* **EXERCISE OBJECTIVE**: Looking at the listing below, retype exactly the lines starting at the one containing "Answer: ~60 to" and ending at the one containing "Answer: Upper LOA", both included, and nothing else.

* **RECORDS FOR THIS TASK**:
Segment Open

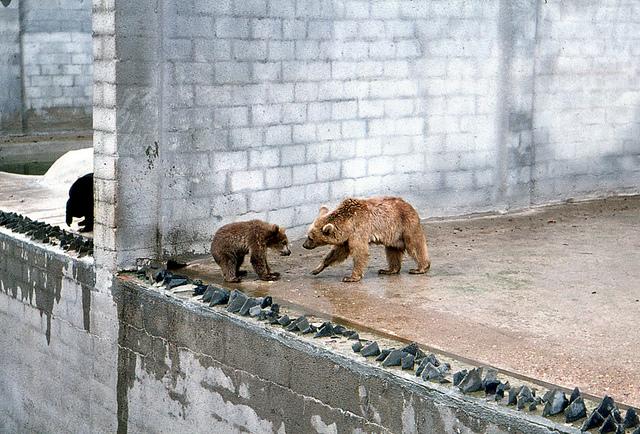What is along the edge of the wall?
Keep it brief. Rocks. What are the bears doing?
Answer briefly. Playing. Is the area dry?
Be succinct. No. 
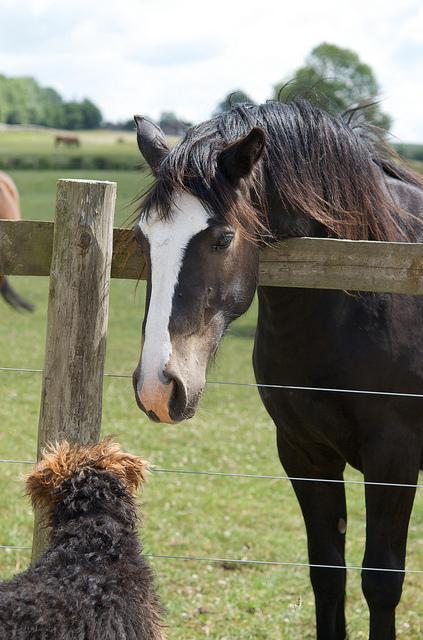How many beds do the cats have?
Give a very brief answer. 0. 
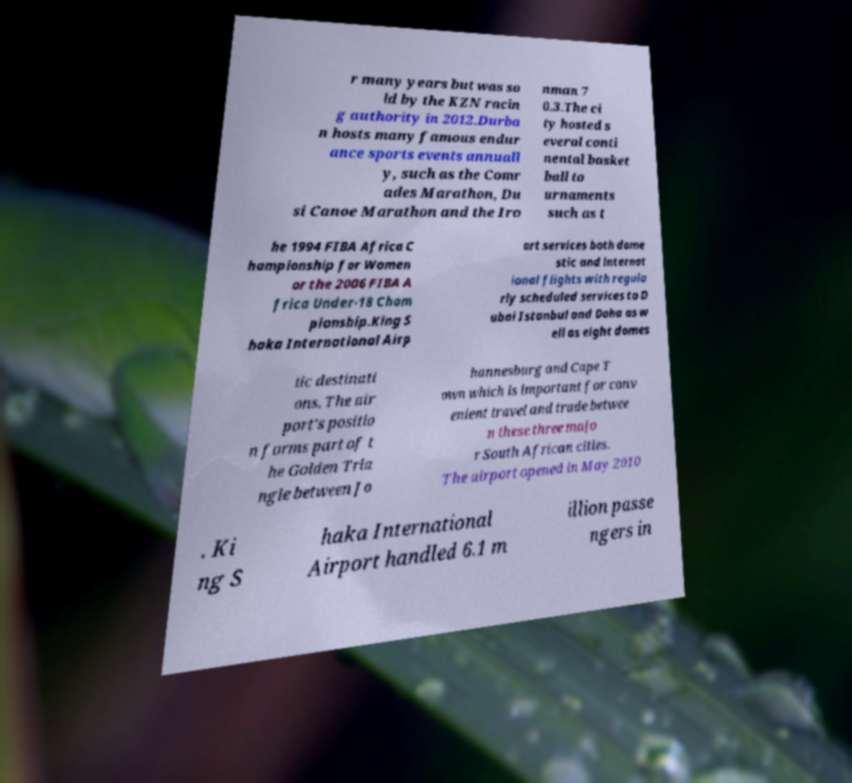Can you accurately transcribe the text from the provided image for me? r many years but was so ld by the KZN racin g authority in 2012.Durba n hosts many famous endur ance sports events annuall y, such as the Comr ades Marathon, Du si Canoe Marathon and the Iro nman 7 0.3.The ci ty hosted s everal conti nental basket ball to urnaments such as t he 1994 FIBA Africa C hampionship for Women or the 2006 FIBA A frica Under-18 Cham pionship.King S haka International Airp ort services both dome stic and internat ional flights with regula rly scheduled services to D ubai Istanbul and Doha as w ell as eight domes tic destinati ons. The air port's positio n forms part of t he Golden Tria ngle between Jo hannesburg and Cape T own which is important for conv enient travel and trade betwee n these three majo r South African cities. The airport opened in May 2010 . Ki ng S haka International Airport handled 6.1 m illion passe ngers in 
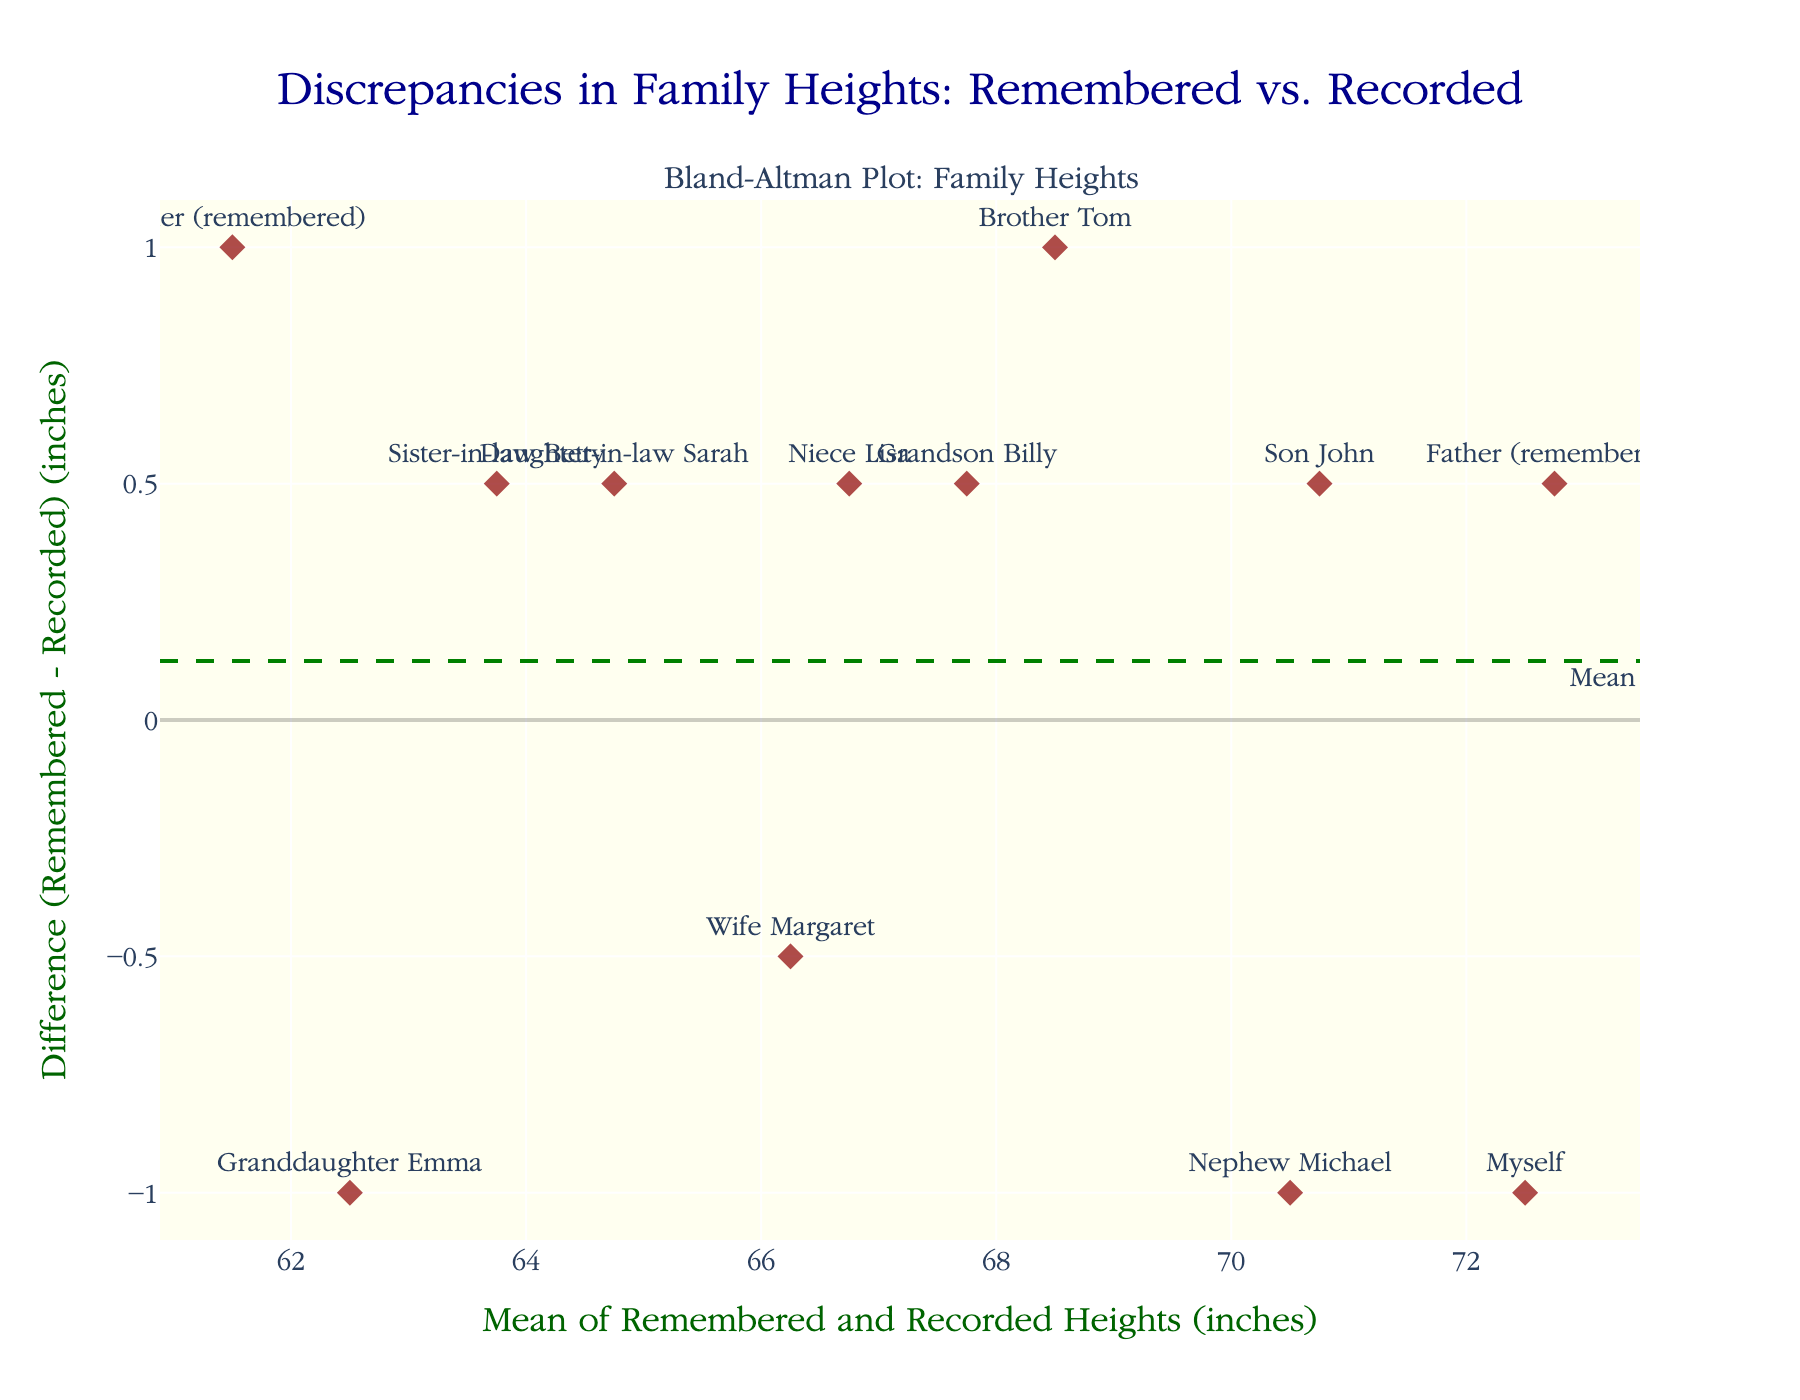What's the title of the plot? The title of the plot is displayed at the top center of the plot. It reads "Discrepancies in Family Heights: Remembered vs. Recorded."
Answer: Discrepancies in Family Heights: Remembered vs. Recorded What is the mean difference line labeled as and in what color? The mean difference line is labeled as "Mean" and is colored green.
Answer: Mean, green What is the range of the mean (x-axis)? The x-axis range is determined by examining the minimum and maximum values, which vary from approximately 60 to 73 inches based on the axis limits.
Answer: ~60 to 73 inches How are the discrepancies (difference between remembered and recorded heights) distributed overall? By looking at the data points plotted on the y-axis, one can see that most of the discrepancies (positive or negative) are within the upper and lower limits of agreement, i.e., generally small discrepancies.
Answer: Most are small, within limits Which family member shows the highest positive discrepancy between remembered and recorded height? By examining the data points and their corresponding labels, "Myself" has the highest point above zero on the y-axis, indicating the greatest positive discrepancy.
Answer: Myself Which family member shows the greatest negative discrepancy? By looking at the data points below zero, "Granddaughter Emma" is the lowest, indicating the greatest negative discrepancy.
Answer: Granddaughter Emma What are the upper and lower limits of agreement, and how are they calculated? The upper and lower limits of agreement (LOA) are calculated using the mean difference plus or minus 1.96 times the standard deviation of the differences. The plot shows dashed red lines at these values.
Answer: Upper LOA and Lower LOA, derived from mean ± 1.96 SD What is the general trend in discrepancies across different family members? Most labels (family members) are randomly above and below the mean line, indicating no clear trend based on family member age or status.
Answer: No clear trend Which family member's height discrepancy is closest to the mean line? By examining the data points and their closeness to the dashed green line, "Son John" is closest to the mean difference line.
Answer: Son John

Segment Closed

* **SOLUTION TO THIS EXERCISE**:
Answer: ~60 to 73 inches How are the discrepancies (difference between remembered and recorded heights) distributed overall? By looking at the data points plotted on the y-axis, one can see that most of the discrepancies (positive or negative) are within the upper and lower limits of agreement, i.e., generally small discrepancies.
Answer: Most are small, within limits Which family member shows the highest positive discrepancy between remembered and recorded height? By examining the data points and their corresponding labels, "Myself" has the highest point above zero on the y-axis, indicating the greatest positive discrepancy.
Answer: Myself Which family member shows the greatest negative discrepancy? By looking at the data points below zero, "Granddaughter Emma" is the lowest, indicating the greatest negative discrepancy.
Answer: Granddaughter Emma What are the upper and lower limits of agreement, and how are they calculated? The upper and lower limits of agreement (LOA) are calculated using the mean difference plus or minus 1.96 times the standard deviation of the differences. The plot shows dashed red lines at these values.
Answer: Upper LOA and Lower LOA, derived from mean ± 1.96 SD What is the general trend in discrepancies across different family members? Most labels (family members) are randomly above and below the mean line, indicating no clear trend based on family member age or status.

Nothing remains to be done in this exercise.